After two canceled editions, the Canadian Women’s Open returns with great fanfare and not just anywhere. Played on the fairways of the great golf club Ottawa Hunt in the suburbs of the federal capital, it is right in the territory of the big favorite Brooke Henderson.
The best Canadian golfer grew up in Smith Falls about forty miles south. For the next four days, she will be closely followed by her vast legion. Much to his delight, by the way.
But the controversial champion of the 2018 edition in Regina does not want to be disturbed. As soon as she plants her ball on the tee Thursday afternoon, she will be in her bubble.
At the same course in 2017, Henderson finished 12th, six strokes behind champion Sung Hyun Park, largely due to a poor start. She had resisted the ax with a small swing.
“I really have my job to do. I really have to give my best performance. I have to smile and enjoy the moment. This week is an incredible opportunity,” said one of the only two Maple Leaf representatives to win this tournament. The other was Quebecois Jocelyne Bourassa in 1973.
She will attempt to steal the crown from defending champion Jin Young Ko, who won at Magna Golf Club in August 2019. The 2020 and 2021 editions had been canceled due to the pandemic.
Also, four golfers from La Belle Province are leaving Ottawa this morning. After a stellar season on the LPGA Tour, Maude-Aimée Leblanc has three top 10 finishes and is 61st in the CME Globe race.
It’s an official return to the country for the Quebecer, who had opted to step down to the LPGA’s antechamber after the 2019 season, which had allowed him to return to the world elite.
“It’s fun to come back and play here. I’ve always said it’s my favorite tournament. It’s the one I look at primarily. When it’s so close to home, it’s all the more special,” said the 33-year-old golfer, who regained her strength primarily by taming her putter.

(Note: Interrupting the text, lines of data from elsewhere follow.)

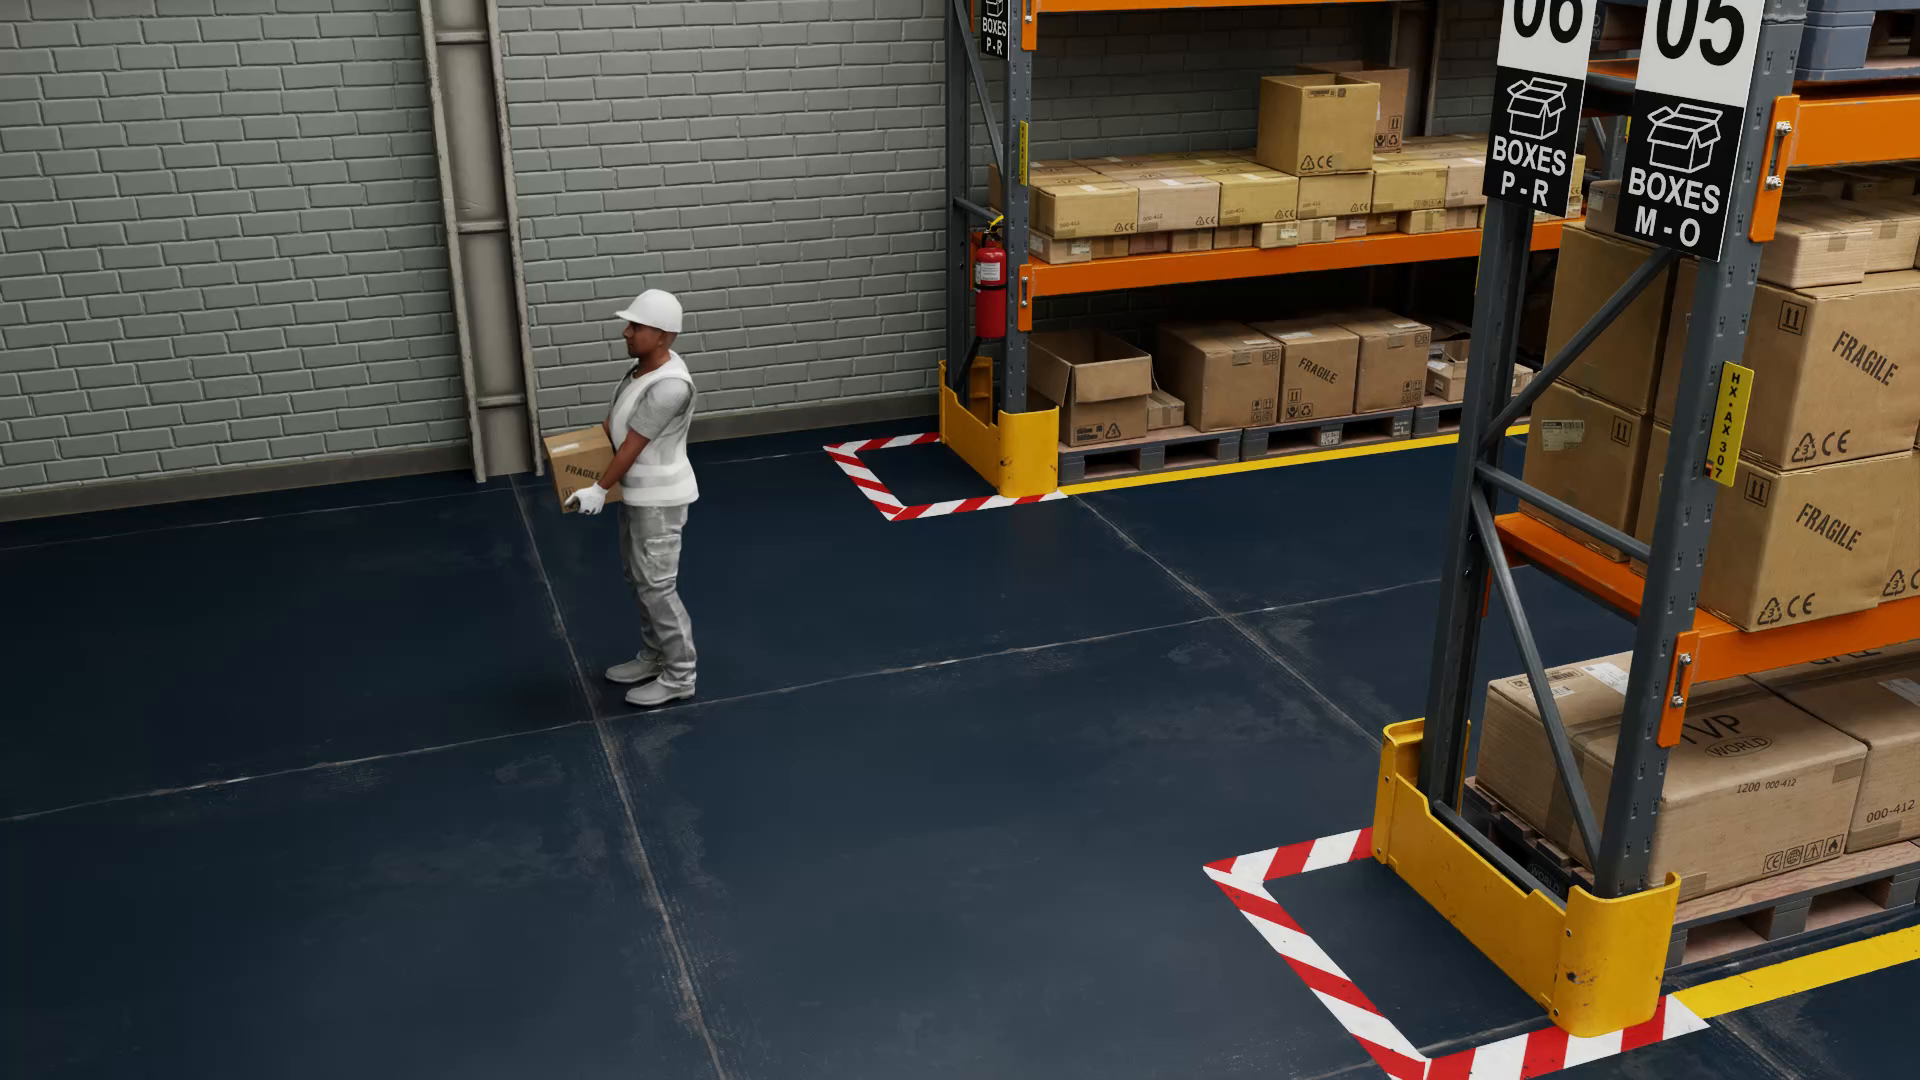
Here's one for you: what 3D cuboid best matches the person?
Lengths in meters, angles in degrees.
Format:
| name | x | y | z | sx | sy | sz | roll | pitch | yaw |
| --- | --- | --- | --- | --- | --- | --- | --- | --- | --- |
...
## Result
| name | x | y | z | sx | sy | sz | roll | pitch | yaw |
| --- | --- | --- | --- | --- | --- | --- | --- | --- | --- |
| person | -1.379 | -0.165 | 6.973 | 0.574 | 1.778 | 0.487 | -8 | 24 | -18 |

This will lead the young wolves Valérie Tanguay, Brigitte Thibault and the amateur Sarah-Ève Rhéaume.
Thibault will also start his first tournament as a professional. After five years on the American varsity circuit with the Fresno Bulldogs and the Texas Longhorns, the 23-year-old Quebecois decided to take the plunge by exiting the amateur ranks when she finished at No. 361. She had reached the 105th level in recent years.
With 12 to the elite
The week of the Canadian Women’s Open had barely started on Monday when a gifted youngster set a record.
Lucy Lin became the youngest competitor in tournament history when she secured her spot through qualifying.
“I’m very excited. Words fail me to describe the feat of playing with the best in the world dropped the one who started tickling the little white ball three years ago.
“It’s incredible. I’m nervous but I need to calm down and be patient,” she added, hoping to resist the axe.
But first and foremost she wants to enjoy the moment.
“I want to enjoy this experience and meet all these great golfers. Maybe I can get some autographs.”
She will surely return to Vancouver next week with a head full of memories to tell her classmates about her adventure.
– At the age of 57, Canadian Lorie Kane competes in the Women’s Open for the 30th and final time of her career.
The federal government awarded Golf Canada nearly $4.4 million in support of its two major national championships, the women’s and men’s Omniums, under the Major Festivals and Events Support Initiative program.